Top 10 takeaways from the latest sustainability reports

Top 10

Here are the “top 10” takeaways from Teneo’s excellent annual survey of sustainability reports:

01: The acronym “ESG” is down but certainly not out. The most common key word in 2024 report titles was “Sustainability” (39%), overtaking last year’s leader “ESG” (24%, down from 35% in 2023). However, the “ESG” acronym appeared 62 times within 2024 Sustainability Reports on average, and most companies that dropped “ESG” from their 2024 report title used it within their 2024 report.

02: Sustainability reports are getting longer, not shorter. The length of 2024 Sustainability Reports increased for the third year in a row, averaging 83 pages (up 20% from an average of 70 pages in 2021).

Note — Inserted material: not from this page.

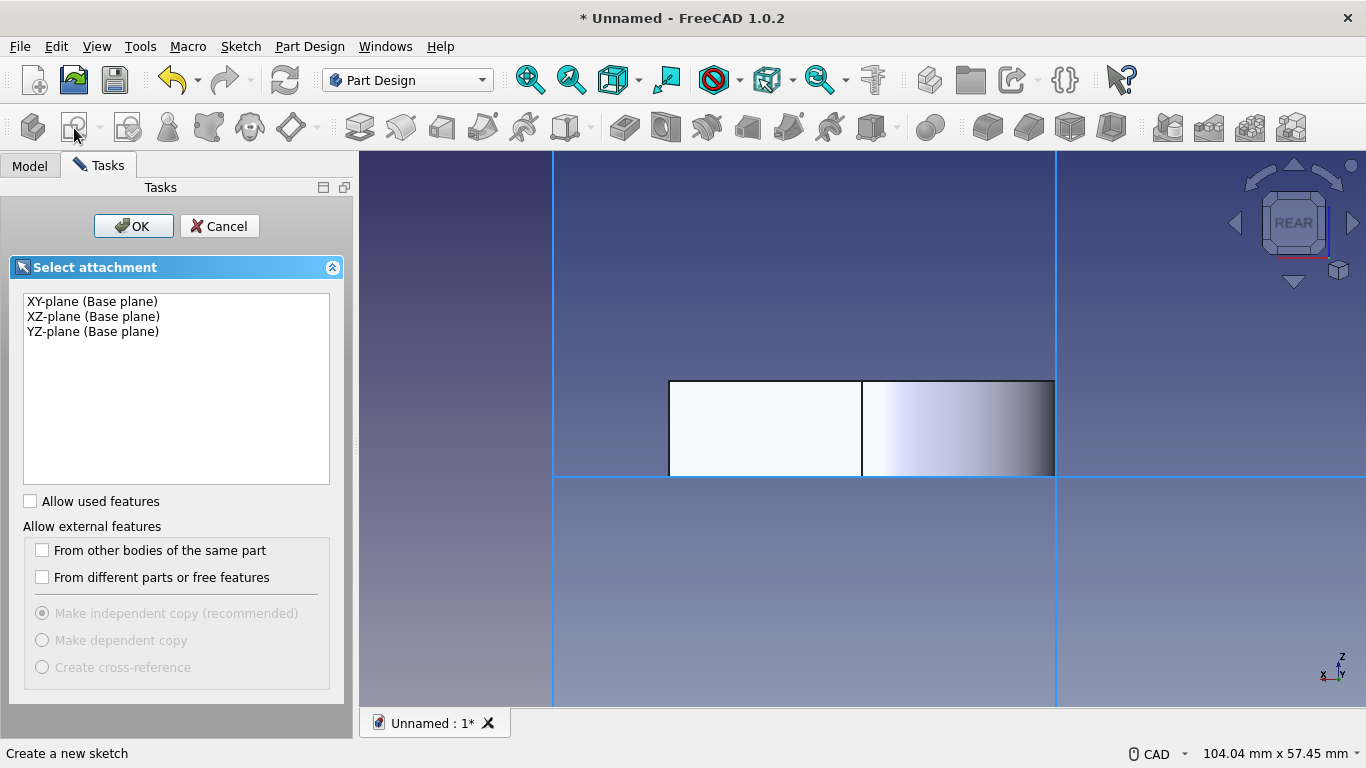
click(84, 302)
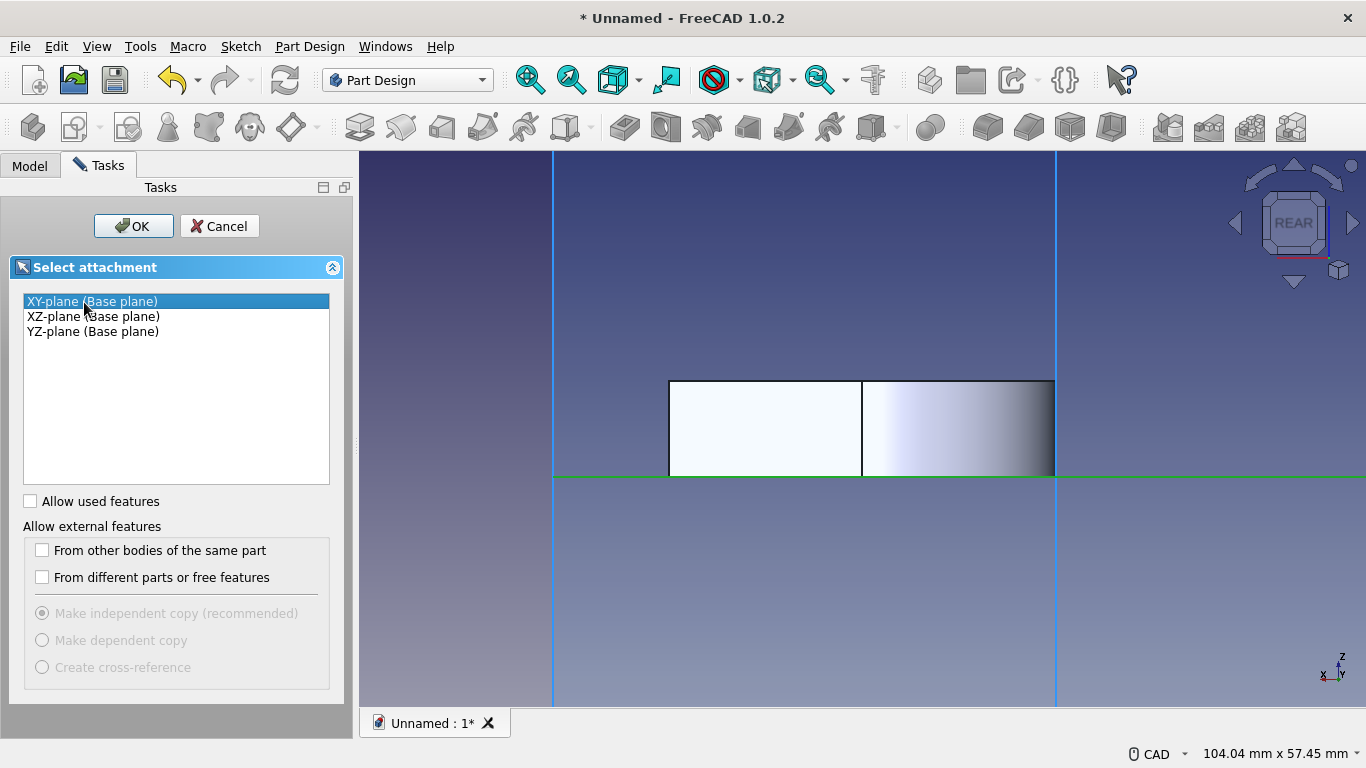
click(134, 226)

There was a broad range of page lengths in 2024 Sustainability Reports, with the shortest being 15 pages and the longest being 211 pages.

03: More companies are now living in a double material world. Almost 80% of companies conducted a materiality assessment – about the same percentage as last year. However, the number of companies that have completed (or were in the process of completing) “double” materiality assessments tripled from 9% in 2023 to 27% in 2024.

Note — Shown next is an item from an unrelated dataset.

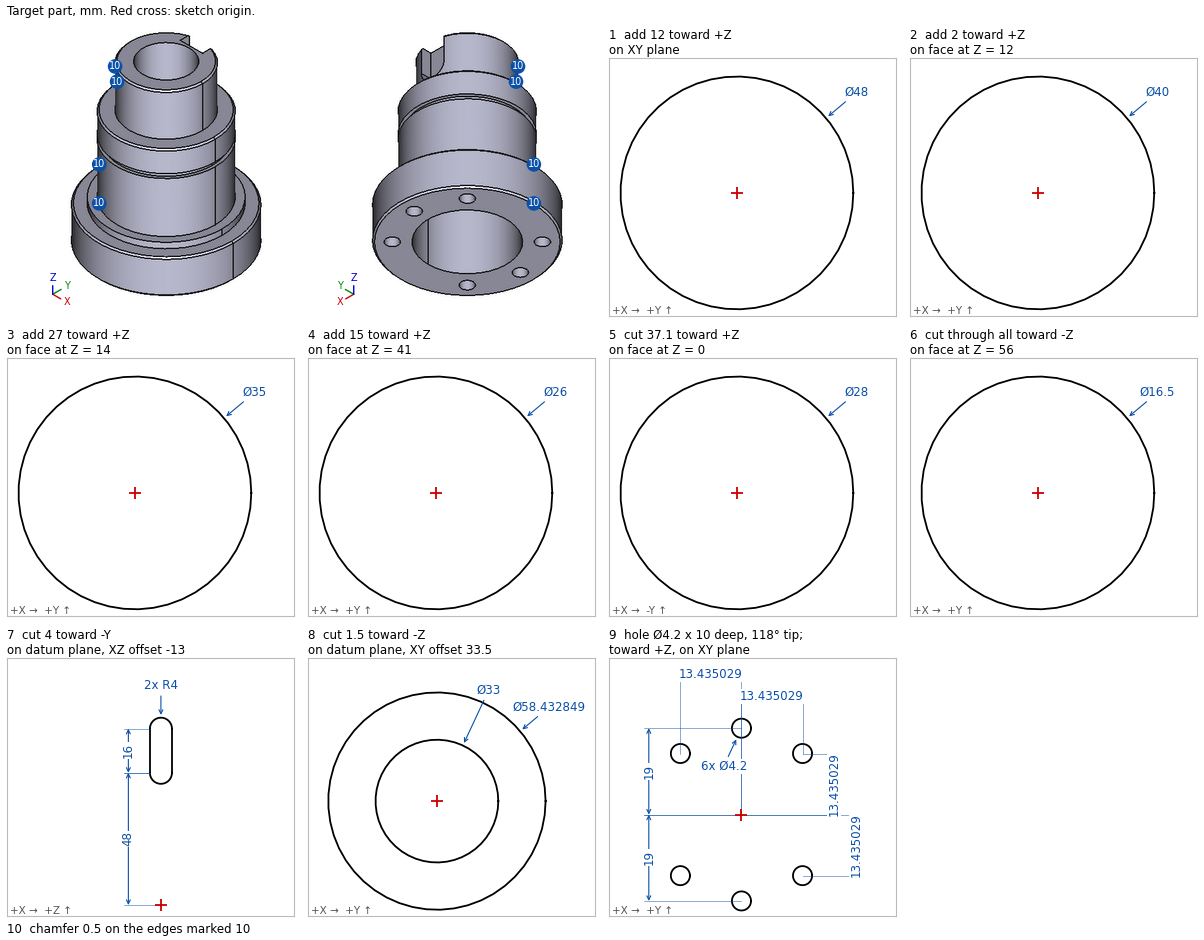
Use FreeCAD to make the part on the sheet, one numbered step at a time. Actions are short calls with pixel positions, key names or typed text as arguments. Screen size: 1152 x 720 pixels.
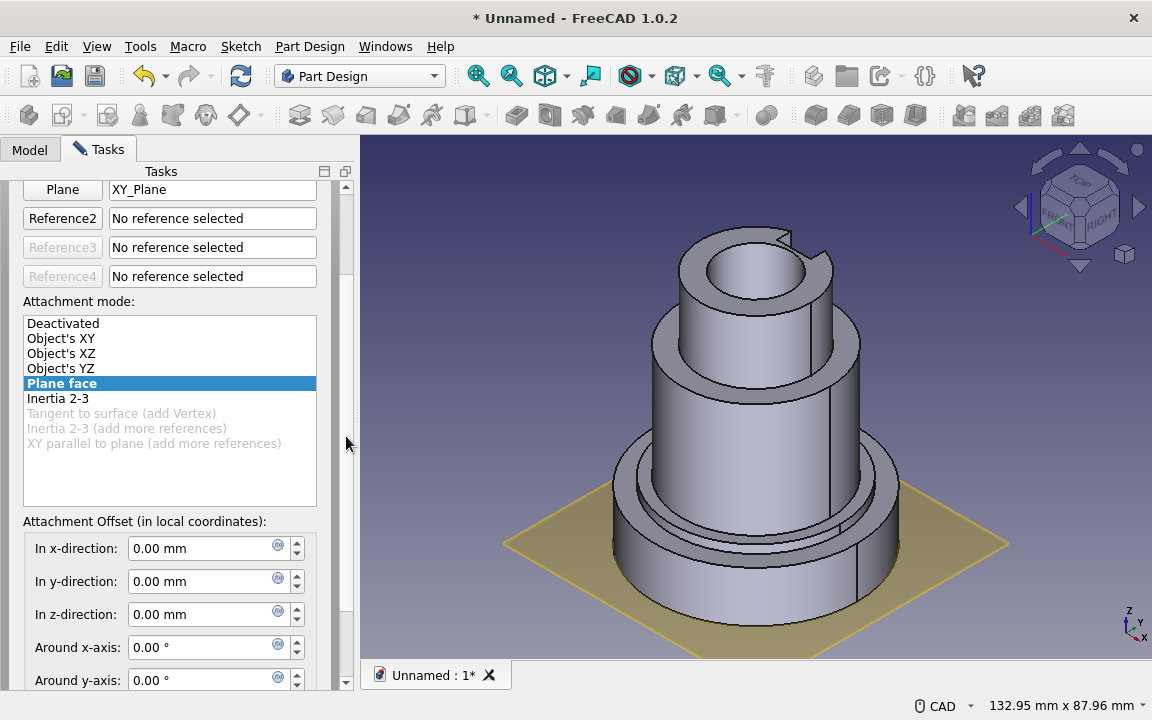
triple_click(210, 614)

04: CEOs are increasingly accountable for ESG strategies. CEOs were noted as ultimately responsible for company ESG strategies 32% of the time – almost double the amount in 2023 (18%). Like last year, CEOs signed a supermajority of 2024 Sustainability Report cover letters with other executives (e.g., Chief Sustainability Officers) also signing cover letters about a quarter of the time.

05: [DE]I will survive. Despite current challenges to these efforts, 94% of companies continued to use the term “DEI” in some form within their ESG reports, a very modest decrease from last year. Among those that adjusted their disclosure practices, most opted to restructure their sections to focus more broadly on themes of belonging and inclusion, rather than removing the DEI section entirely.

06: Sustainability reports are being issued with less pomp but with more circumstance. The number of companies issuing press releases with 2024 Sustainability Reports was down significantly (49%) from when we first started tracking this in 2021 (75%). However, ESG microsites are ubiquitous, providing stakeholders with a variety of opportunities to interact with a company’s ESG initiatives.

07: The EU CSRD and IFRS disclosure frameworks begin to surface. Mentions of the EU CSRD disclosure framework increased from 0% in 2023 to 13% in 2024, while 5% of companies mentioned the IFRS. SASB and TCFD sustainability disclosure frameworks continue to dominate with approximately 90% prevalence, with the GRI (73%) and UN SDGs (64%) also continuing to be widespread.

08: External assurance increasingly includes “Social” data points. The percentage of companies obtaining external assurance of at least one ESG data point held steady at 62%. However, more companies added social data points when getting environmental data assured 32% of the time in 2024, up from 22% in 2023.

09: Company ESG goals are in a transition phase. Fewer companies provided an ESG goals progress section in 2024 (36%) than in 2023 (46%). Accordingly, the number of companies signaling that at least one ESG goal was “off-track” dropped from 22% in 2023 to 8% in 2024.

10: Responsible AI enters the ESG chat. Approximately 21% of companies notes its responsible use of AI within its 2024 Sustainability Report. While this is the first time we have tracked this data point, we expect this trend to significantly grow in the coming years.